Output exactly what appears from the line containing "Answer in list" to the end of the data below, and nothing more.

Excerpts from a dataset
- - -
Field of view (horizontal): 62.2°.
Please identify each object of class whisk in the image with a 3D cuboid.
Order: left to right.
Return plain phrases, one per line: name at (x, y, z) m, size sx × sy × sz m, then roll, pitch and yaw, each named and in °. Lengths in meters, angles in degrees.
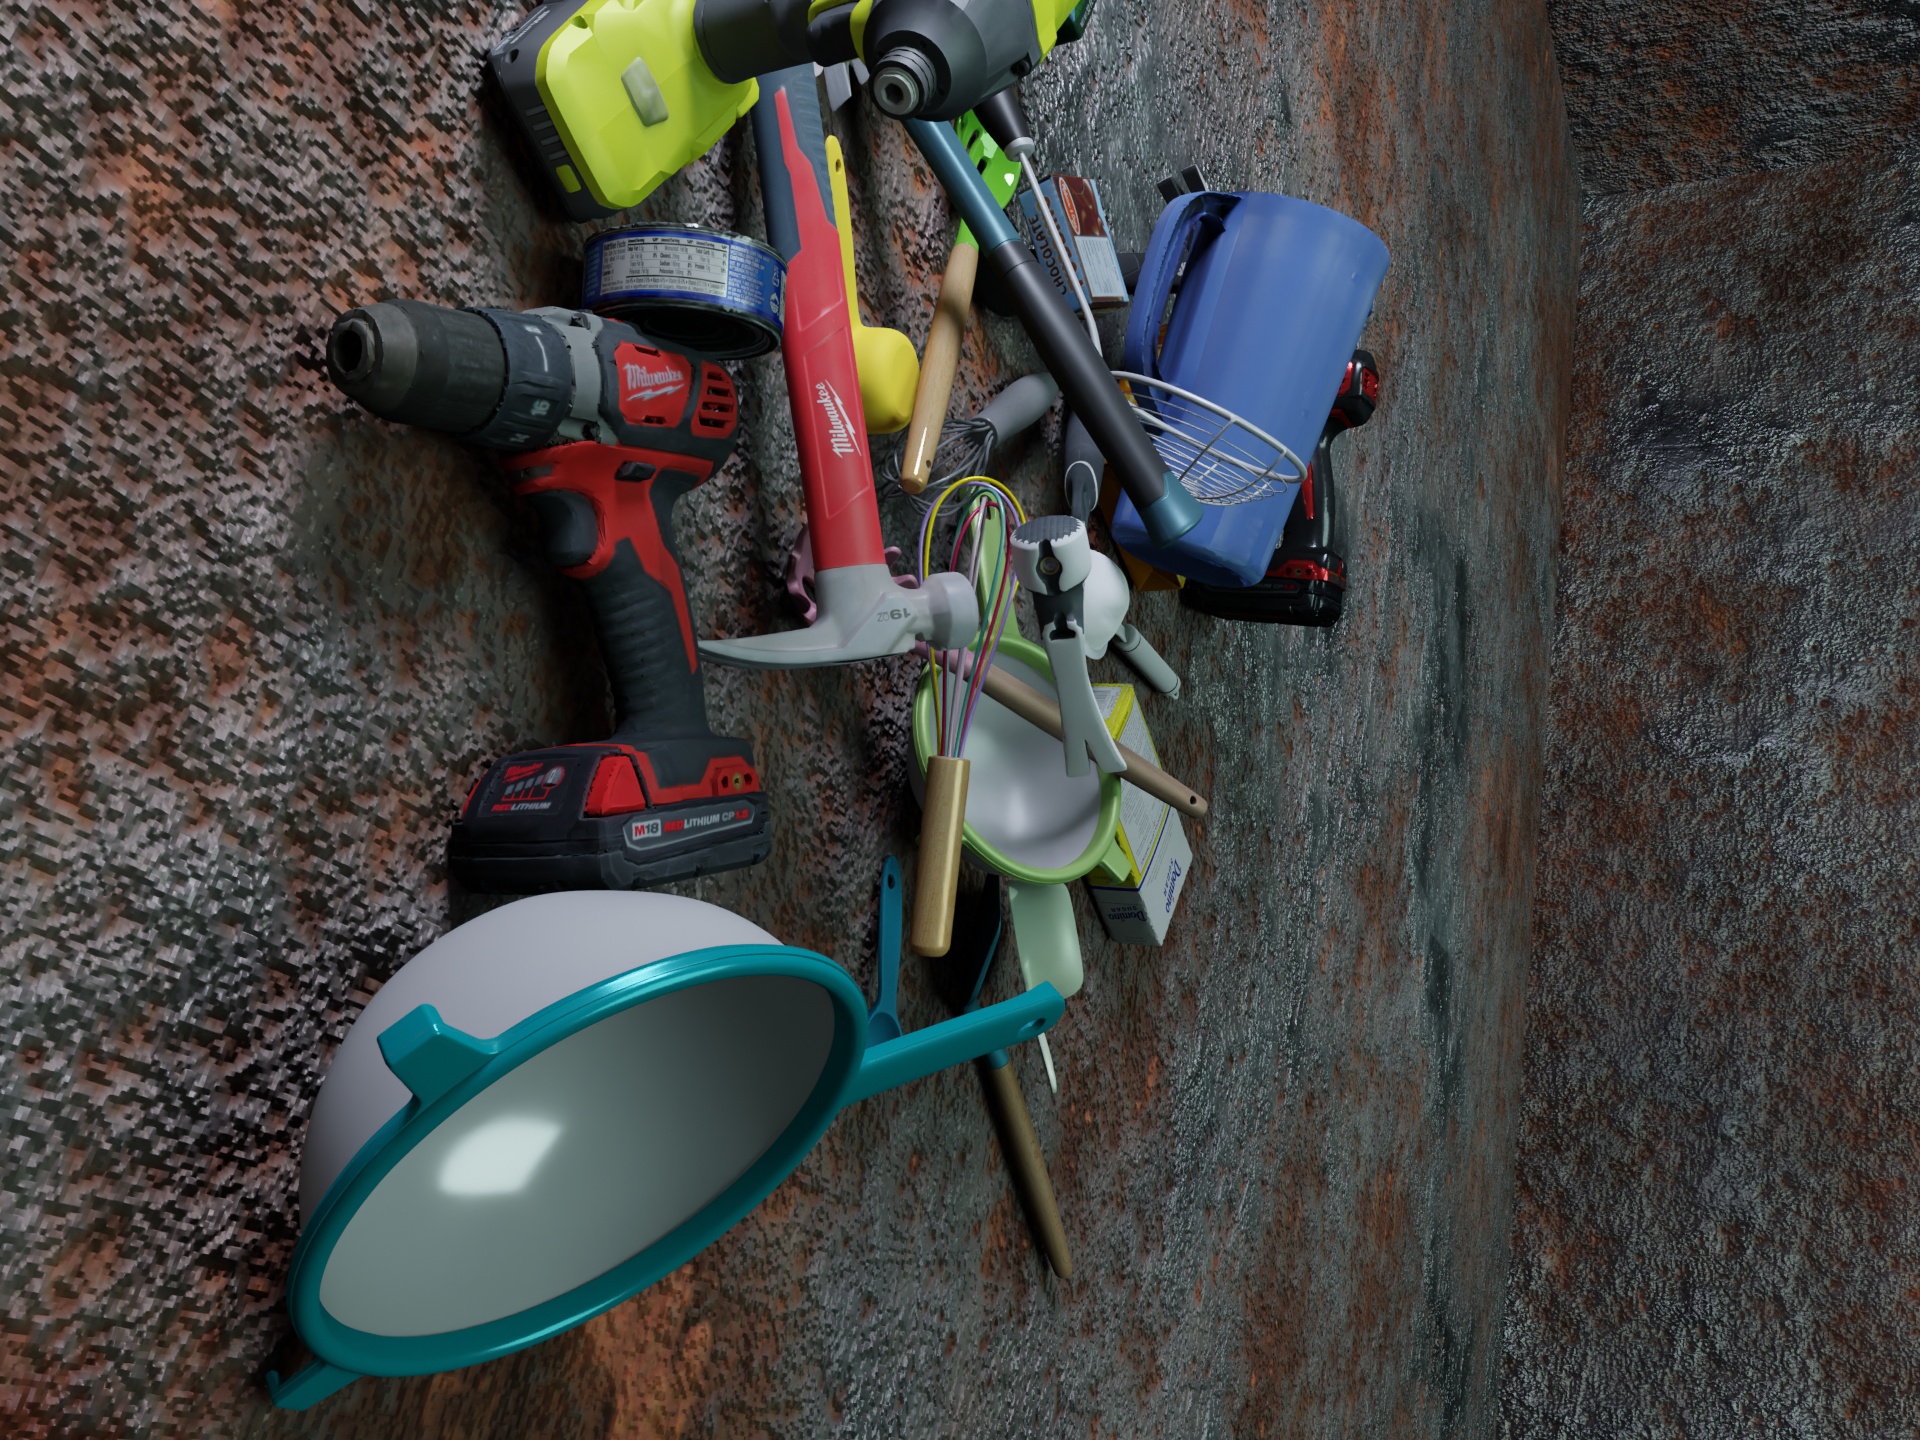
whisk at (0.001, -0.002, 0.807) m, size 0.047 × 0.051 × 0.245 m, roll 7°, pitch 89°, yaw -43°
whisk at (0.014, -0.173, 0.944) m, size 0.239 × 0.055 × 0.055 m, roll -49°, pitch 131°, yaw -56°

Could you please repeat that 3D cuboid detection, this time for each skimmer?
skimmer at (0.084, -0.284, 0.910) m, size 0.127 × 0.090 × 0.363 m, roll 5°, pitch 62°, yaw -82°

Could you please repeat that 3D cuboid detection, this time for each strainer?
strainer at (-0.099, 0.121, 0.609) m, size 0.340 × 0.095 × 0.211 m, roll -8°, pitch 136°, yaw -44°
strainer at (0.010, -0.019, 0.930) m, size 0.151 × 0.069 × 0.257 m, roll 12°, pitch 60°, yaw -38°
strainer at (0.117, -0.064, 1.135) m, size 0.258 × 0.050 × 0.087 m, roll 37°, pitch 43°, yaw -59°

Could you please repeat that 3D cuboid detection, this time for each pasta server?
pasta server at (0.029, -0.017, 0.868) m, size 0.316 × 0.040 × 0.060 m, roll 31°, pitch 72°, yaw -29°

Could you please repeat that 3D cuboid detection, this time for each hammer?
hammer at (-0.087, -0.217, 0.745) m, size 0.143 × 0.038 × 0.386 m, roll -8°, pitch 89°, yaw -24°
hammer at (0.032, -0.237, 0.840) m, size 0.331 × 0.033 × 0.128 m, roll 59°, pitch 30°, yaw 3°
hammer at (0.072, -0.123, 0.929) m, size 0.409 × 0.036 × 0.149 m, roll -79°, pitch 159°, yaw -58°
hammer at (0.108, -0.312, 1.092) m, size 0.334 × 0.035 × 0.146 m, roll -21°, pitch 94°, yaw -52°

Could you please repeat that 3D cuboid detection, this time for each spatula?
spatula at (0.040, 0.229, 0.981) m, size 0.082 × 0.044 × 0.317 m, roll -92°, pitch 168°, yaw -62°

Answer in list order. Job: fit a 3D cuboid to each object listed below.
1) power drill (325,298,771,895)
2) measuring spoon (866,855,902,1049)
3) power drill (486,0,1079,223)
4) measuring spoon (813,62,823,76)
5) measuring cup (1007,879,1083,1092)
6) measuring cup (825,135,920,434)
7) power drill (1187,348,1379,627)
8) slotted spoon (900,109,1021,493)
- - -
# Solution for this exercise
Answer in list order. Job: fit a 3D cuboid to each object listed below.
1) power drill (325,298,771,895)
2) measuring spoon (866,855,902,1049)
3) power drill (486,0,1079,223)
4) measuring spoon (813,62,823,76)
5) measuring cup (1007,879,1083,1092)
6) measuring cup (825,135,920,434)
7) power drill (1187,348,1379,627)
8) slotted spoon (900,109,1021,493)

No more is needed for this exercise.